Let us write down what we know and what we want to show (WTS): \[\begin{array}{ll} \mbox{Know}: & as+ct=1 \mbox{ for some integers $s$ and $t$}, \\ & ab = cx \mbox{ for some integer $x$}, \\ \mbox{WTS}: & b = cq \mbox{ for some integer $q$}. \end{array} \nonumber\] To be able to show that \(b=cq\) for some integer \(q\), we have to come up with some information about \(b\). This information must come from the two equations \(as+ct=1\) and \(ab=cx\). Since \(b=b\cdot1\), we can multiply \(b\) to both sides of \(as+ct=1\). By convention, we cannot write

\((as+ct=1) \cdot b\).

This notation is unacceptable! The reason is: we cannot multiply an equation by a number. Rather, we have to multiply both sides of an equation by the number: \[b = 1\cdot b = (as+ct)\cdot b = asb + ctb. \nonumber\] Obviously, \(ctb\) is a multiple of \(c\); we are one step closer to our goal. Since \(asb = ab\cdot s\), and we do know that \(ab\) is indeed a multiple of \(c\), so the proof can be completed. We are now ready to tie up the loose ends, and polish up the proof.

Proof

Assume \(\gcd(a,c)=1\), and \(c\mid ab\). There exist integers \(s\) and \(t\) such that \[as + ct = 1. \nonumber\] This leads to \[b = 1\cdot b = (as+ct)\cdot b = asb + ctb. \nonumber\] Since \(c\mid ab\), there exists an integer \(x\) such that \(ab=cx\). Then \[b = ab\cdot s + ctb = cx\cdot s + ctb = c(xs+tb), \nonumber\] where \(xc+tb\in\mathbb{Z}\). Therefore, \(c\mid b\).

Corollary \(\PageIndex{6}\)

If \(a,b\in\mathbb{Z}\) and \(p\) is a prime such that \(p\mid ab\), then either \(p\mid a\) or \(p\mid b\).

Proof

If \(p\mid a\), we are done with the proof. If \(p\nmid a\), then \(\gcd(p,a)=1\), and Euclid’s lemma implies that \(p\mid b\).

Corollary \(\PageIndex{7}\)

If \(a_1,a_2,\ldots,a_n\in\mathbb{Z}\) and \(p\) is a prime such that \(p\mid a_1 a_2 \cdots a_n\), then \(p\mid a_i\) for some \(i\), where \(1\leq i\leq n\).

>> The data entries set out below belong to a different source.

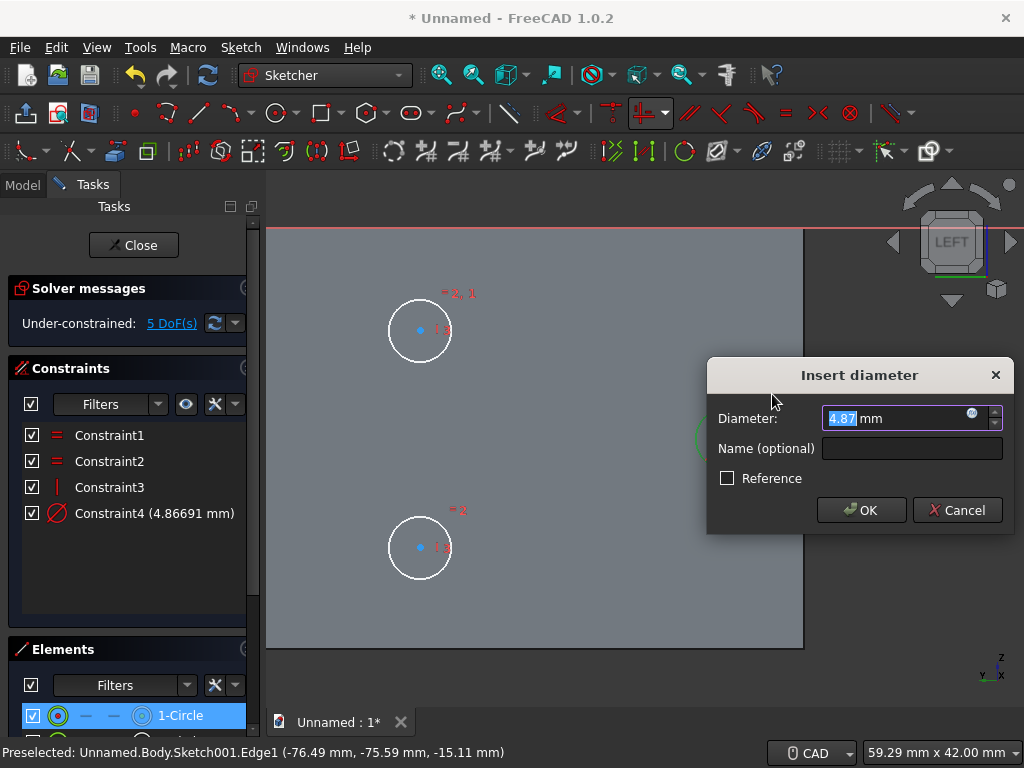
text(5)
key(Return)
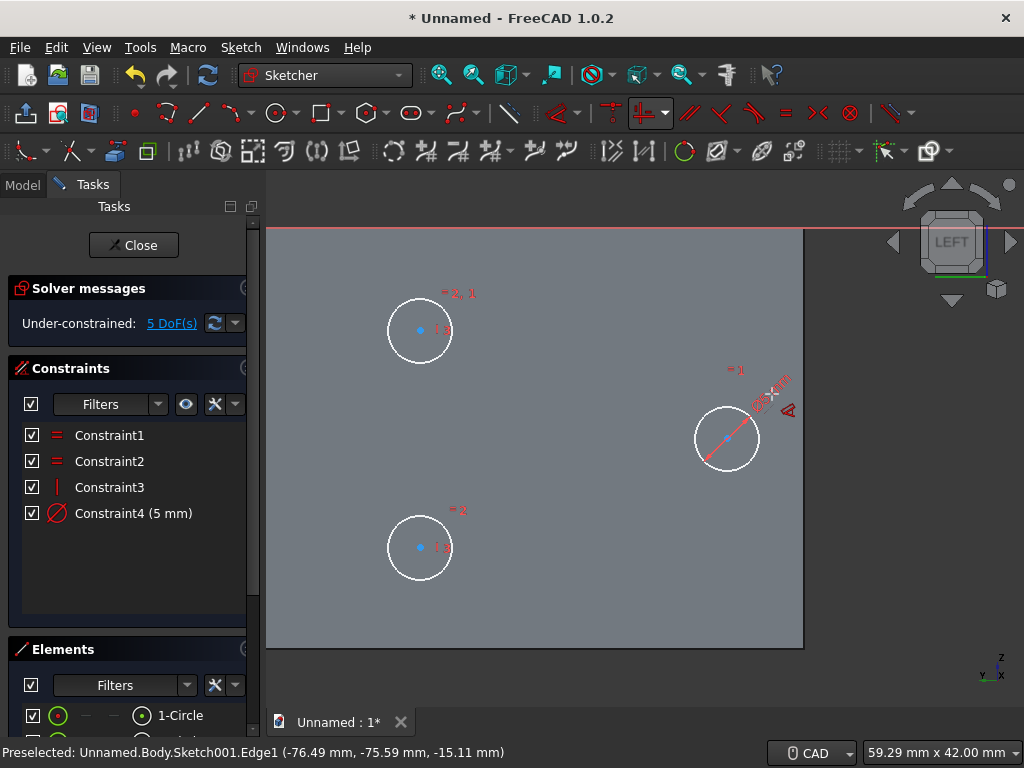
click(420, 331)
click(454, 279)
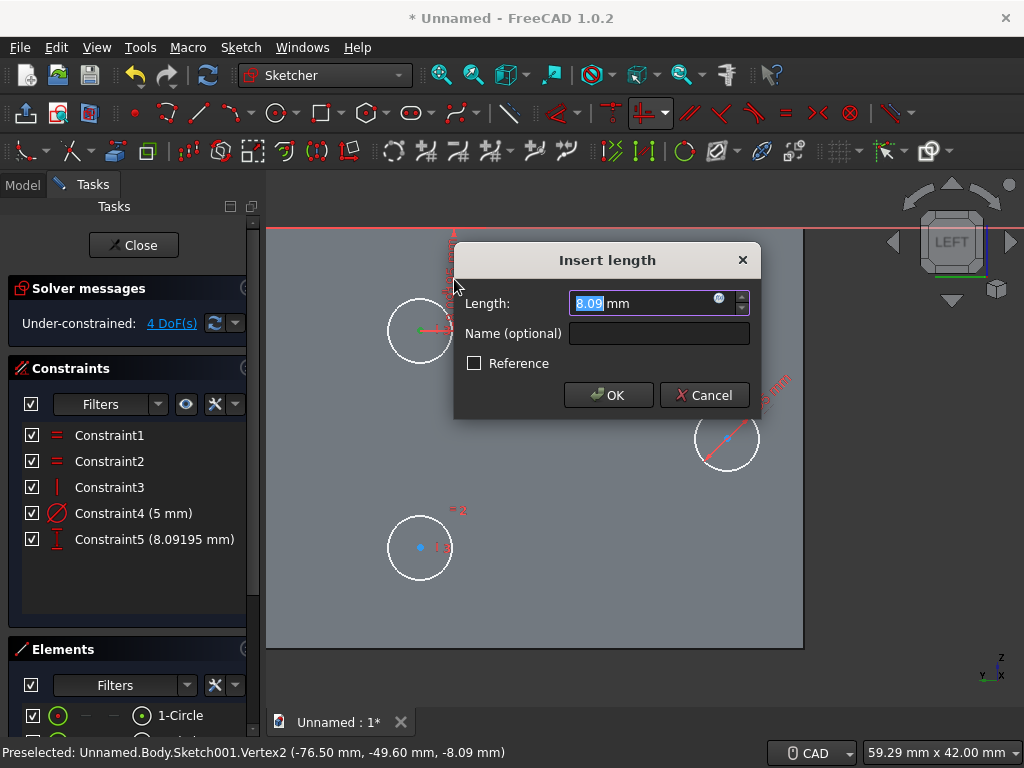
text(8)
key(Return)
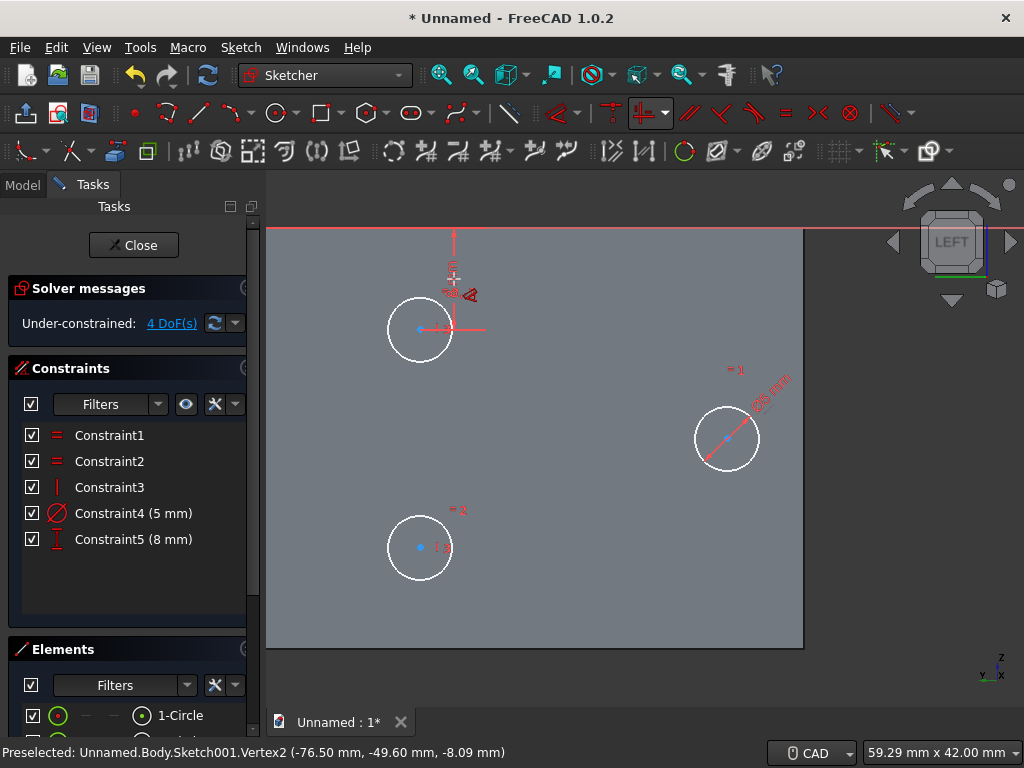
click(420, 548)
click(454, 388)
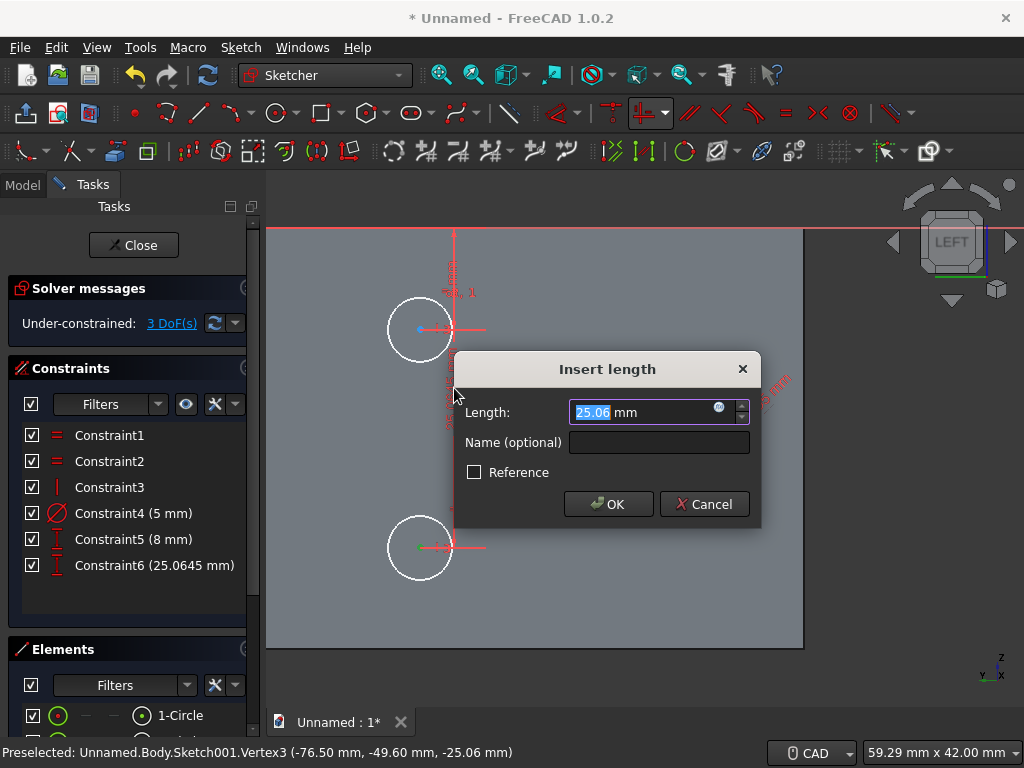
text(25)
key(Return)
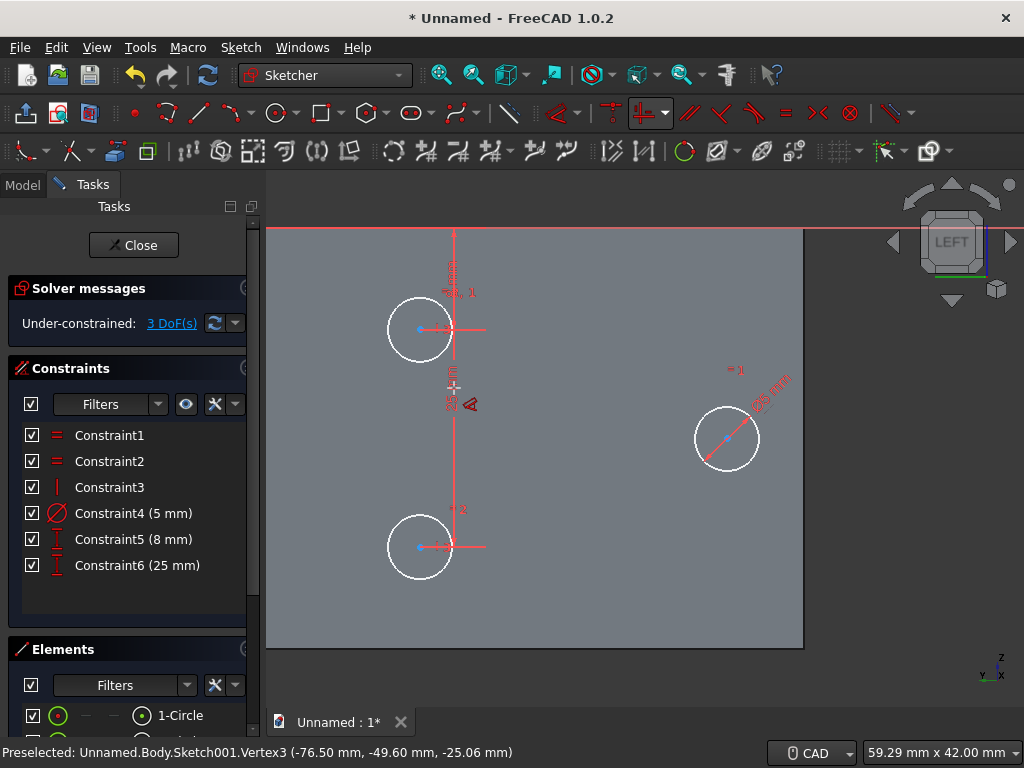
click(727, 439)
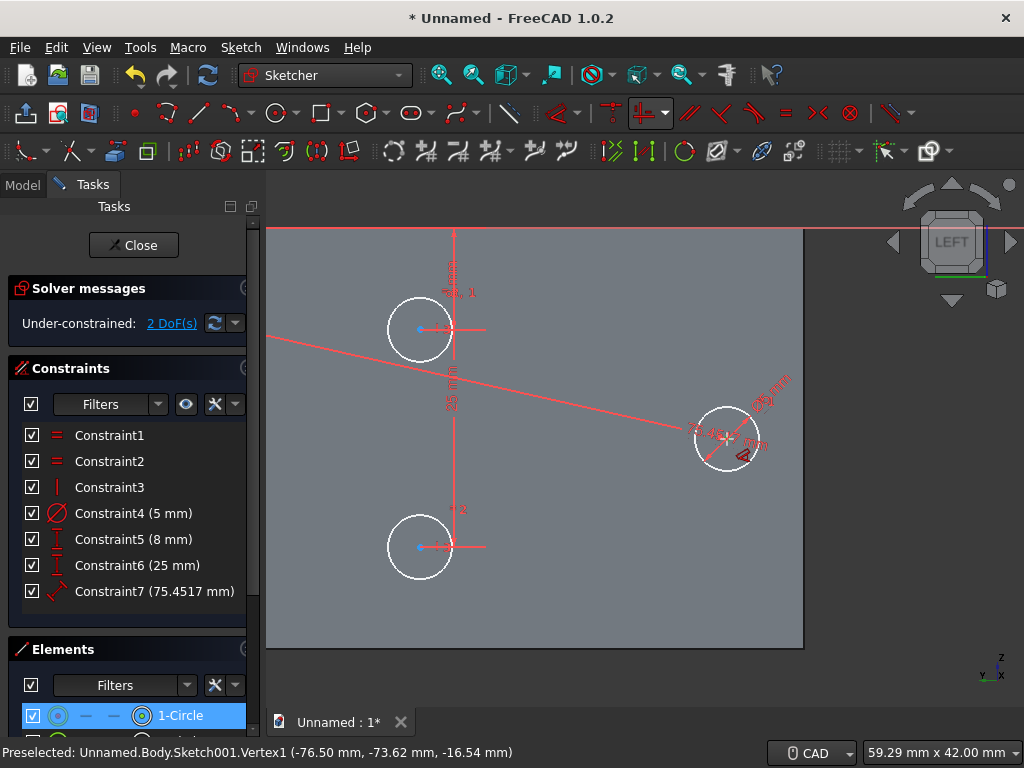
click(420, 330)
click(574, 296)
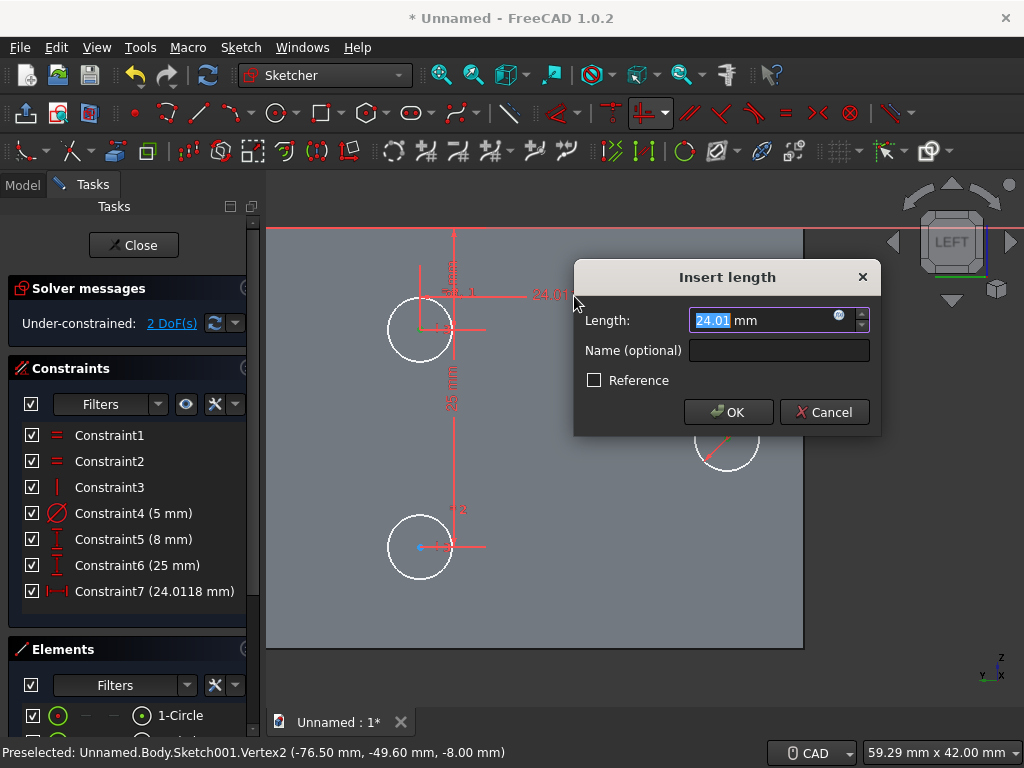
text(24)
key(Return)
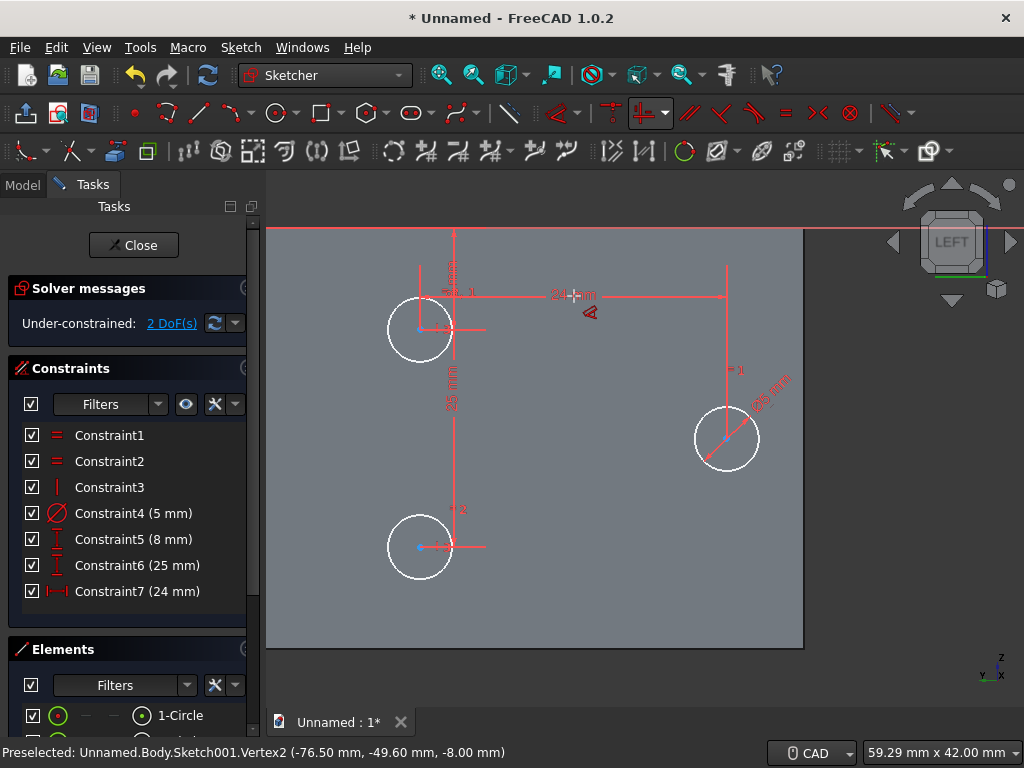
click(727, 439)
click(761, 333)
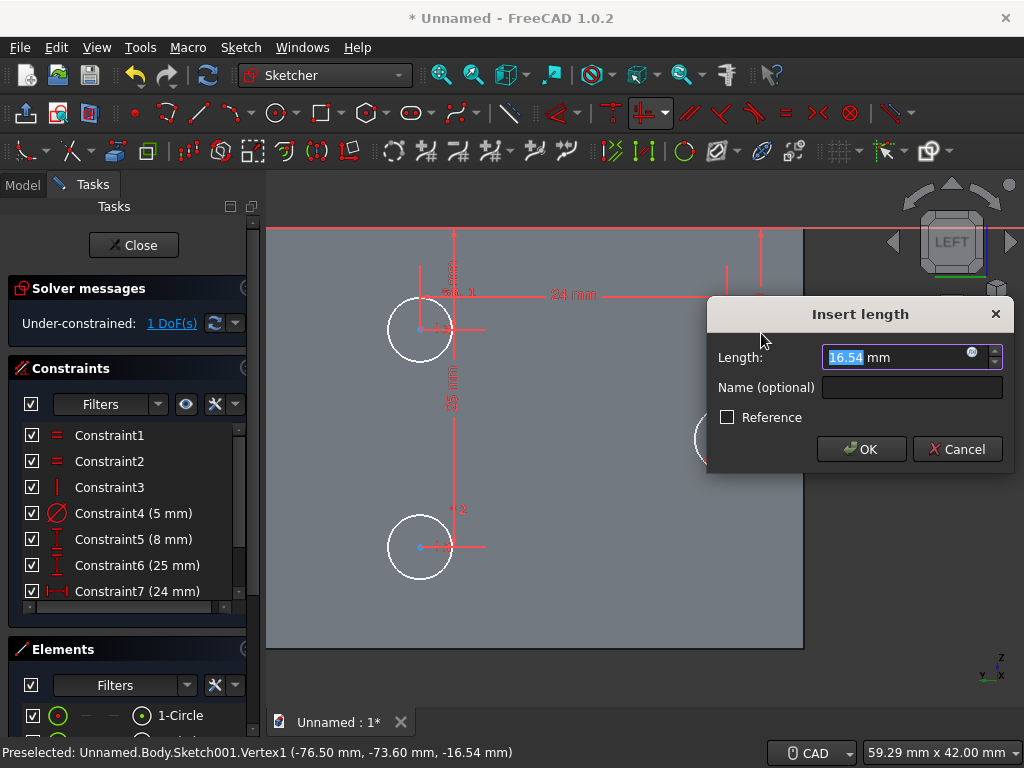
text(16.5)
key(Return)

Consequently, if a prime \(p\) divides a product of \(n\) factors, then \(p\) must divide at least one of these \(n\) factors.

Proof

We leave the proof to you as an exercise.

Theorem \(\PageIndex{8}\)

For any positive integers \(m\) and \(n\), \(\gcd(F_m,F_n)=F_{\gcd(m,n)}\).

Corollary \(\PageIndex{9}\)

For any positive integer \(n\), \(3\mid F_n \Leftrightarrow 4\mid n\).

Proof

(\(\Rightarrow\)) If \(3\mid F_n\), then, because \(F_3=4\), we have \[3 = \gcd(3,F_n) = \gcd(F_4,F_n) = F_{\gcd(4,n)}. \nonumber\] It follows that \(\gcd(4,n)=4\), which in turn implies that \(4\mid n\).

(\(\Leftarrow\)) If \(4\mid n\), then \(\gcd(4,n)=4\), and \[\gcd(3,F_n) = \gcd(F_4,F_n) = F_{\gcd(4,n)} = F_4 = 3; \nonumber\] therefore, \(3\mid F_n\).